1,ham,But i haf enuff space got like 4 mb...
2,spam,Had your mobile 10 mths? Update to latest Oran...
3,ham,All sounds good. Fingers . Makes it difficult ...
4,ham,"All done, all handed in. Don't know if mega sh..."


In [16]:
classify(test['sms_message'][0], print_posterior=True)

SMS: "Later i guess. I needa do mcat study too."
P(Spam|SMS) = 3.4831070937898343e-26
P(Ham|SMS) = 4.253245130534654e-19


'ham'

In [17]:
classify(test['sms_message'][2], print_posterior=True)

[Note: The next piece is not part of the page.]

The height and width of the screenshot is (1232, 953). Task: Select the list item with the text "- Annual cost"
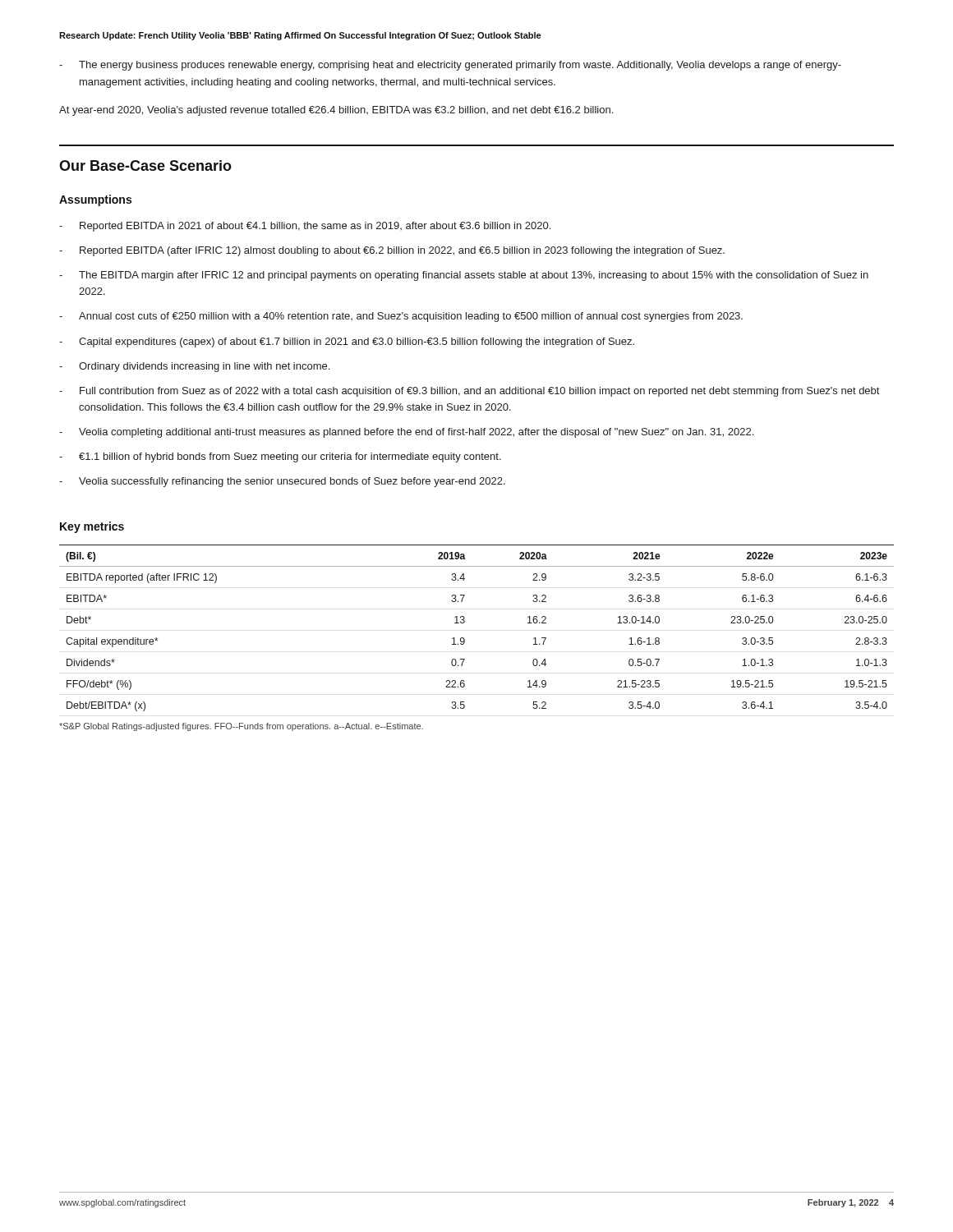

SMS: "Had your mobile 10 mths? Update to latest Orange camera/video phones for FREE. Save £s with Free texts/weekend calls. Text YES for a callback orno to opt out"
P(Spam|SMS) = 7.548549643070596e-83
P(Ham|SMS) = 4.338466063216561e-98


'spam'

## Conclusion: Measuring Accuracy

Now that we have built our spam filter, we will see how it performs on the test set. We will create a new column containing the output of our classifier, and then compare it with the original labels.

In [18]:
test['prediction'] = test['sms_message'].apply(classify)
test.head()

Unnamed: 0,sms_label,sms_message,prediction
0,ham,Later i guess. I needa do mcat study too.,ham
1,ham,But i haf enuff space got like 4 mb...,ham
2,spam,Had your mobile 10 mths? Update to latest Oran...,spam
3,ham,All sounds good. Fingers . Makes it difficult ...,ham
4,ham,"All done, all handed in. Don't know if mega sh...",ham


In [19]:
correct = test['sms_label'] == test['prediction']
correct.value_counts()

True     1100
False      14
dtype: int64

In [20]:
correct.value_counts(normalize=True)

True     0.987433
False    0.012567
dtype: float64

The accuracy of our spam filter is close to 98.74%. Out of the 1114 messages in the test set, our filter misclassified only 14.